**Work required:**
Please return all lines of the data below containing the string "medium".

Records from a data source
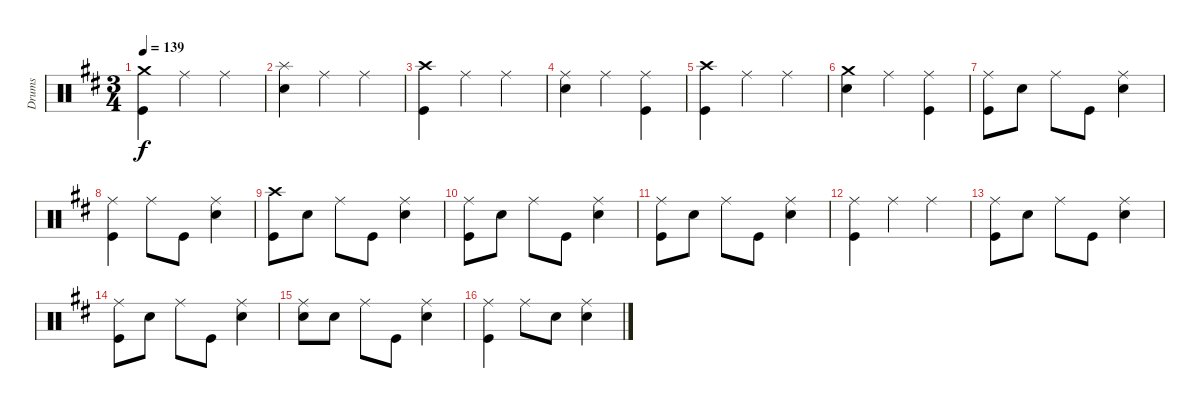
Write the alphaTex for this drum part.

\track ("Drums" "Drums") {instrument percussion}
\staff {score}
\articulation defaults
\ts (3 4)
\tempo 139
\clef neutral
\ks d
("Crash medium (hit)" "Kick (hit)").4{dy f} "Ride (middle)".4 "Ride (middle)".4 |
("Splash (hit)" "Snare (hit) 2").4 "Ride (middle)".4 "Ride (middle)".4 |
("Crash high (hit)" "Kick (hit)").4 "Ride (middle)".4 "Ride (middle)".4 |
("Ride (middle)" "Snare (hit) 2").4 "Ride (middle)".4 ("Ride (middle)" "Kick (hit)").4 |
("Crash high (hit)" "Kick (hit)").4 "Ride (middle)".4 "Ride (middle)".4 |
("Crash medium (hit)" "Snare (hit) 2").4 "Ride (middle)".4 ("Ride (middle)" "Kick (hit)").4 |
("Ride (middle)" "Kick (hit)").8 "Snare (hit) 2".8 "Ride (middle)".8 "Kick (hit)".8 ("Ride (middle)" "Snare (hit) 2").4 |
("Ride (middle)" "Kick (hit)").4 "Ride (middle)".8 "Kick (hit)".8 ("Ride (middle)" "Snare (hit) 2").4 |
("Crash high (hit)" "Kick (hit)").8 "Snare (hit) 2".8 "Ride (middle)".8 "Kick (hit)".8 ("Ride (middle)" "Snare (hit) 2").4 |
("Ride (middle)" "Kick (hit)").8 "Snare (hit) 2".8 "Ride (middle)".8 "Kick (hit)".8 ("Ride (middle)" "Snare (hit) 2").4 |
("Ride (middle)" "Kick (hit)").8 "Snare (hit) 2".8 "Ride (middle)".8 "Kick (hit)".8 ("Ride (middle)" "Snare (hit) 2").4 |
("Ride (middle)" "Kick (hit)").4 "Ride (middle)".4 "Ride (middle)".4 |
("Ride (middle)" "Kick (hit)").8 "Snare (hit) 2".8 "Ride (middle)".8 "Kick (hit)".8 ("Ride (middle)" "Snare (hit) 2").4 |
("Ride (middle)" "Kick (hit)").8 "Snare (hit) 2".8 "Ride (middle)".8 "Kick (hit)".8 ("Ride (middle)" "Snare (hit) 2").4 |
("Ride (middle)" "Snare (hit) 2").8 "Snare (hit) 2".8 "Ride (middle)".8 "Kick (hit)".8 ("Ride (middle)" "Snare (hit) 2").4 |
("Ride (middle)" "Kick (hit)").4 "Ride (middle)".8 "Snare (hit) 2".8 ("Ride (middle)" "Snare (hit) 2").4

**Solution for this exercise:**
("Crash medium (hit)" "Kick (hit)").4{dy f} "Ride (middle)".4 "Ride (middle)".4 |
("Crash medium (hit)" "Snare (hit) 2").4 "Ride (middle)".4 ("Ride (middle)" "Kick (hit)").4 |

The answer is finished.